Stored dataset items:
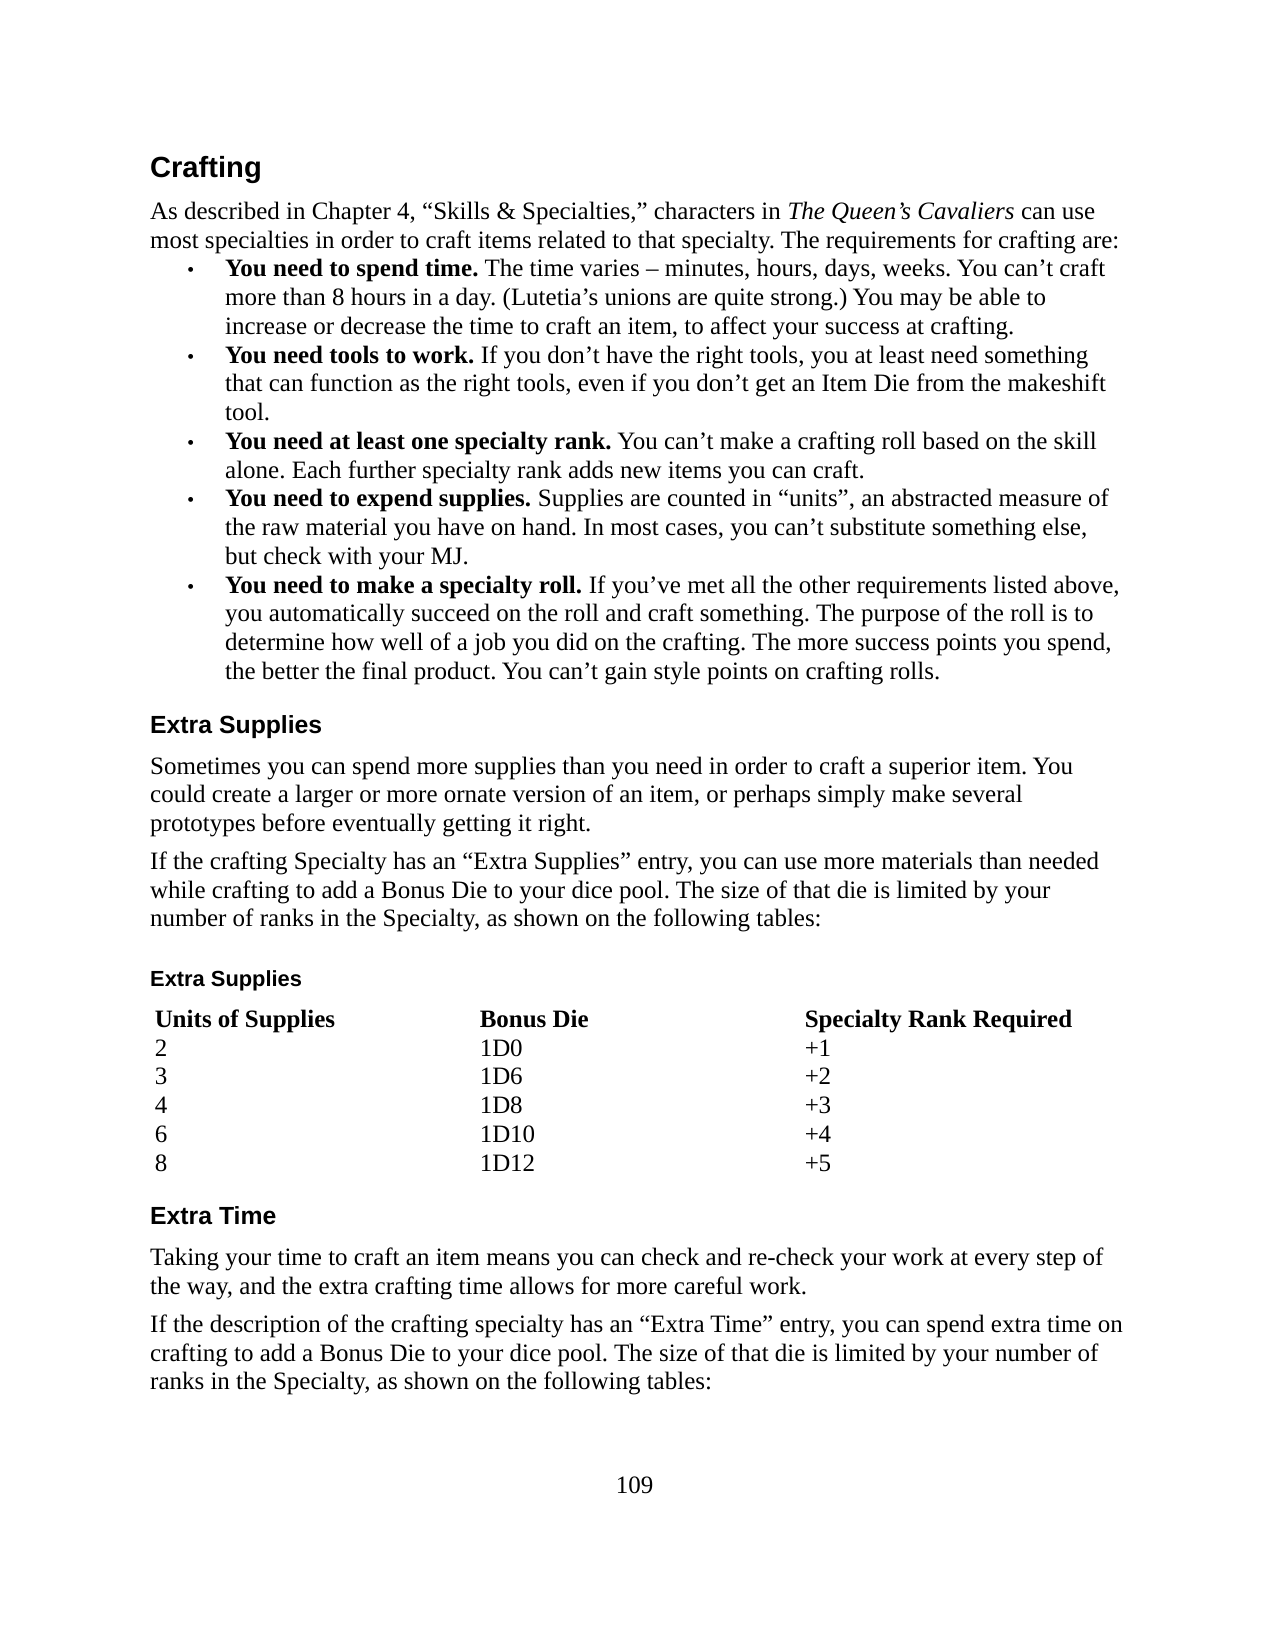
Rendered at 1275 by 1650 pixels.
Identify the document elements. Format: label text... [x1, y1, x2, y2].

table_cell 3 [150, 1061, 475, 1090]
subtitle Extra Supplies [150, 966, 1125, 991]
table_cell +1 [800, 1033, 1125, 1061]
list You need to expend supplies. Supplies are counted in “units”, an abstracted measure of the raw material you have on hand. In most cases, you can’t substitute something else, but check with your MJ. [187, 483, 1125, 570]
table_cell 1D6 [475, 1061, 800, 1090]
subtitle Crafting [150, 150, 1125, 183]
table_header Specialty Rank Required [800, 1004, 1125, 1033]
table_cell +4 [800, 1119, 1125, 1148]
table_cell 1D0 [475, 1033, 800, 1061]
table_cell 4 [150, 1090, 475, 1119]
list You need at least one specialty rank. You can’t make a crafting roll based on the skill alone. Each further specialty rank adds new items you can craft. [187, 426, 1125, 483]
subtitle Extra Supplies [150, 710, 1125, 738]
text Taking your time to craft an item means you can check and re-check your work at every step of the way, and the extra crafting time allows for more careful work. [150, 1242, 1125, 1300]
subtitle Extra Time [150, 1201, 1125, 1230]
table_cell +3 [800, 1090, 1125, 1119]
table_cell 1D12 [475, 1148, 800, 1176]
text As described in Chapter 4, “Skills & Specialties,” characters in The Queen’s Cavaliers can use most specialties in order to craft items related to that specialty. The requirements for crafting are: [150, 196, 1125, 253]
table_header Bonus Die [475, 1004, 800, 1033]
table_cell 8 [150, 1148, 475, 1176]
text If the description of the crafting specialty has an “Extra Time” entry, you can spend extra time on crafting to add a Bonus Die to your dice pool. The size of that die is limited by your number of ranks in the Specialty, as shown on the following tables: [150, 1309, 1125, 1395]
list You need to make a specialty roll. If you’ve met all the other requirements listed above, you automatically succeed on the roll and craft something. The purpose of the roll is to determine how well of a job you did on the crafting. The more success points you spend, the better the final product. You can’t gain style points on crafting rolls. [187, 570, 1125, 685]
table_cell 2 [150, 1033, 475, 1061]
text If the crafting Specialty has an “Extra Supplies” entry, you can use more materials than needed while crafting to add a Bonus Die to your dice pool. The size of that die is limited by your number of ranks in the Specialty, as shown on the following tables: [150, 846, 1125, 932]
table_cell +5 [800, 1148, 1125, 1176]
list You need tools to work. If you don’t have the right tools, you at least need something that can function as the right tools, even if you don’t get an Item Die from the makeshift tool. [187, 340, 1125, 426]
table_header Units of Supplies [150, 1004, 475, 1033]
table_cell 6 [150, 1119, 475, 1148]
table_cell 1D10 [475, 1119, 800, 1148]
text Sometimes you can spend more supplies than you need in order to craft a superior item. You could create a larger or more ornate version of an item, or perhaps simply make several prototypes before eventually getting it right. [150, 751, 1125, 837]
list You need to spend time. The time varies – minutes, hours, days, weeks. You can’t craft more than 8 hours in a day. (Lutetia’s unions are quite strong.) You may be able to increase or decrease the time to craft an item, to affect your success at crafting. [187, 253, 1125, 340]
table_cell +2 [800, 1061, 1125, 1090]
table_cell 1D8 [475, 1090, 800, 1119]
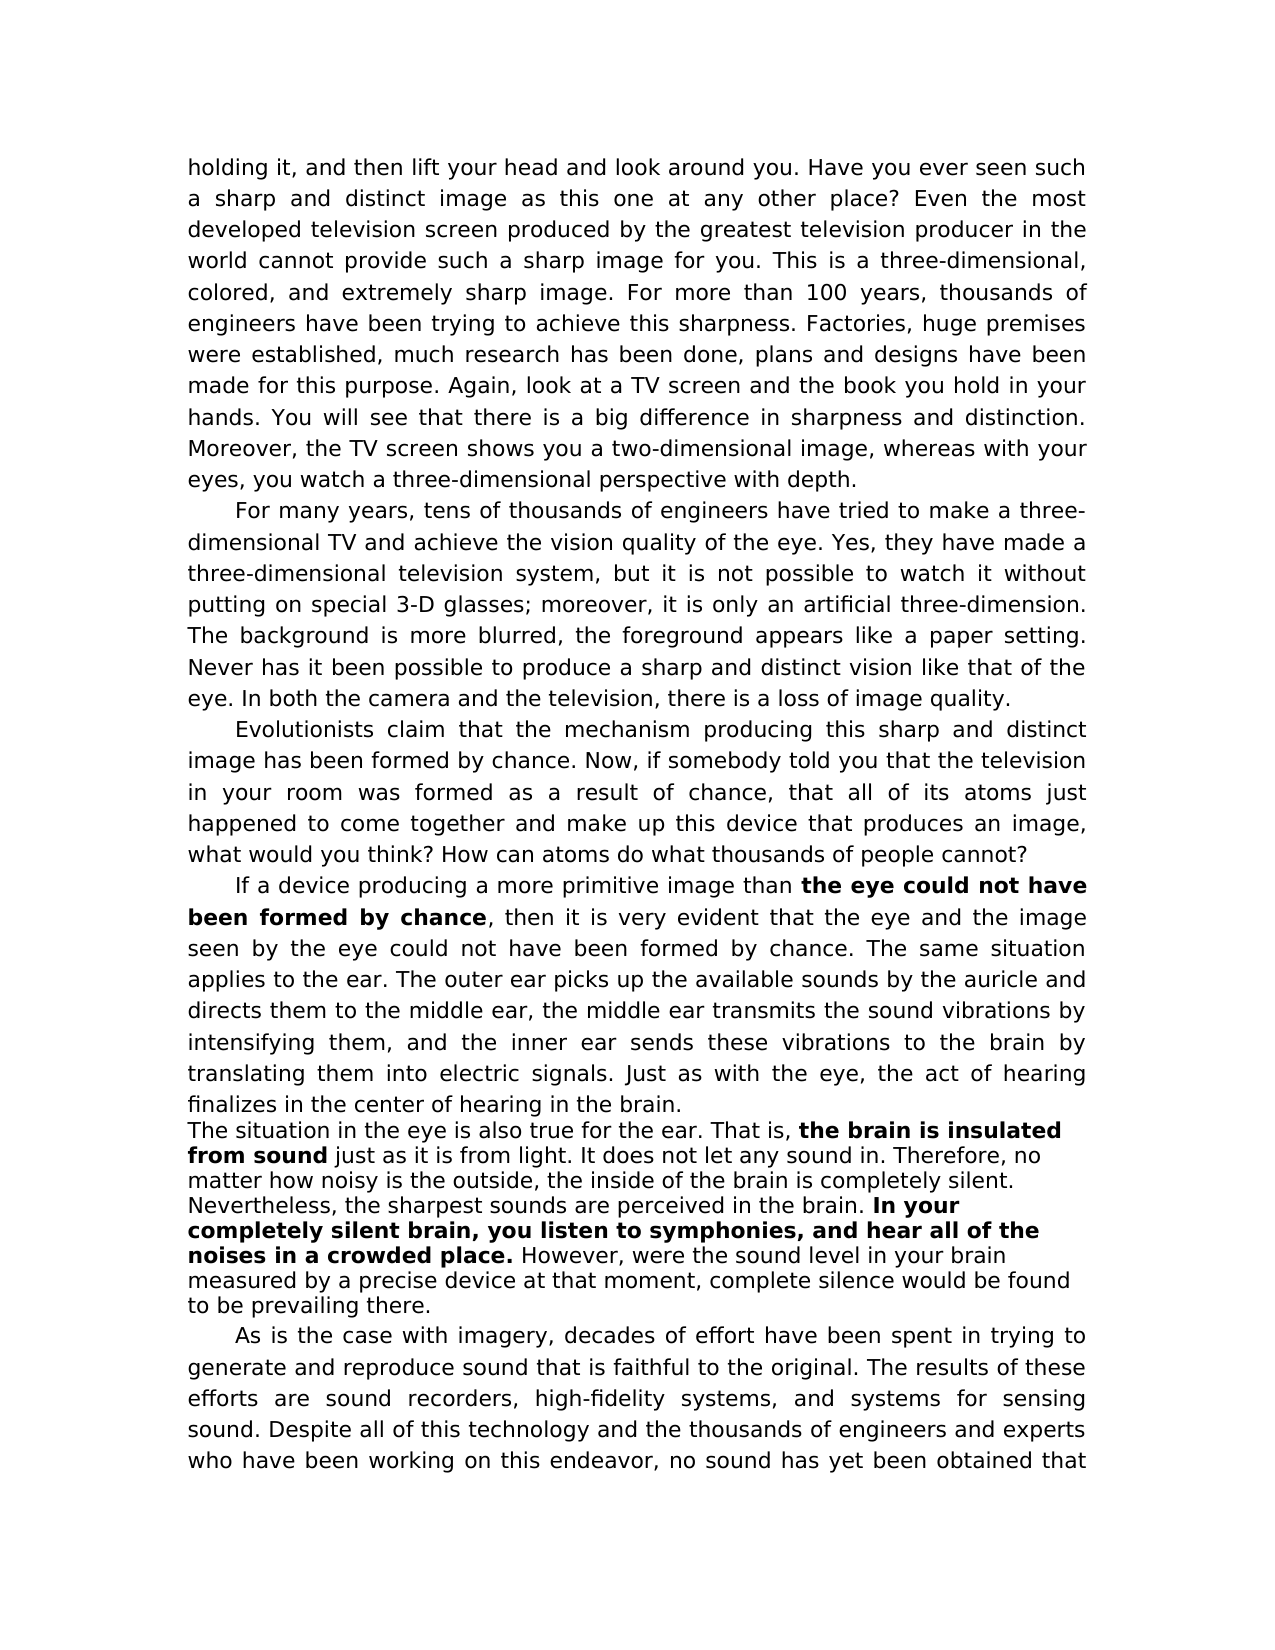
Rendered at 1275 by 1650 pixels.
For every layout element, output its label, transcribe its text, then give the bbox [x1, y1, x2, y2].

text For many years, tens of thousands of engineers have tried to make a three-dimensional TV and achieve the vision quality of the eye. Yes, they have made a three-dimensional television system, but it is not possible to watch it without putting on special 3-D glasses; moreover, it is only an artificial three-dimension. The background is more blurred, the foreground appears like a paper setting. Never has it been possible to produce a sharp and distinct vision like that of the eye. In both the camera and the television, there is a loss of image quality. [187, 494, 1087, 712]
text As is the case with imagery, decades of effort have been spent in trying to generate and reproduce sound that is faithful to the original. The results of these efforts are sound recorders, high-fidelity systems, and systems for sensing sound. Despite all of this technology and the thousands of engineers and experts who have been working on this endeavor, no sound has yet been obtained that [187, 1319, 1087, 1475]
text Evolutionists claim that the mechanism producing this sharp and distinct image has been formed by chance. Now, if somebody told you that the television in your room was formed as a result of chance, that all of its atoms just happened to come together and make up this device that produces an image, what would you think? How can atoms do what thousands of people cannot? [187, 712, 1087, 869]
text holding it, and then lift your head and look around you. Have you ever seen such a sharp and distinct image as this one at any other place? Even the most developed television screen produced by the greatest television producer in the world cannot provide such a sharp image for you. This is a three-dimensional, colored, and extremely sharp image. For more than 100 years, thousands of engineers have been trying to achieve this sharpness. Factories, huge premises were established, much research has been done, plans and designs have been made for this purpose. Again, look at a TV screen and the book you hold in your hands. You will see that there is a big difference in sharpness and distinction. Moreover, the TV screen shows you a two-dimensional image, whereas with your eyes, you watch a three-dimensional perspective with depth. [187, 150, 1087, 494]
text If a device producing a more primitive image than the eye could not have been formed by chance, then it is very evident that the eye and the image seen by the eye could not have been formed by chance. The same situation applies to the ear. The outer ear picks up the available sounds by the auricle and directs them to the middle ear, the middle ear transmits the sound vibrations by intensifying them, and the inner ear sends these vibrations to the brain by translating them into electric signals. Just as with the eye, the act of hearing finalizes in the center of hearing in the brain. [187, 869, 1087, 1119]
text The situation in the eye is also true for the ear. That is, the brain is insulated from sound just as it is from light. It does not let any sound in. Therefore, no matter how noisy is the outside, the inside of the brain is completely silent. Nevertheless, the sharpest sounds are perceived in the brain. In your completely silent brain, you listen to symphonies, and hear all of the noises in a crowded place. However, were the sound level in your brain measured by a precise device at that moment, complete silence would be found to be prevailing there. [187, 1119, 1087, 1319]

### [WORK ORDER]
Across all the records, find the lines containing the word "size" and reproduce each one.

### [ANSWER SPACE]
text If the description of the crafting specialty has an “Extra Time” entry, you can spend extra time on crafting to add a Bonus Die to your dice pool. The size of that die is limited by your number of ranks in the Specialty, as shown on the following tables: [150, 1309, 1125, 1395]
text If the crafting Specialty has an “Extra Supplies” entry, you can use more materials than needed while crafting to add a Bonus Die to your dice pool. The size of that die is limited by your number of ranks in the Specialty, as shown on the following tables: [150, 846, 1125, 932]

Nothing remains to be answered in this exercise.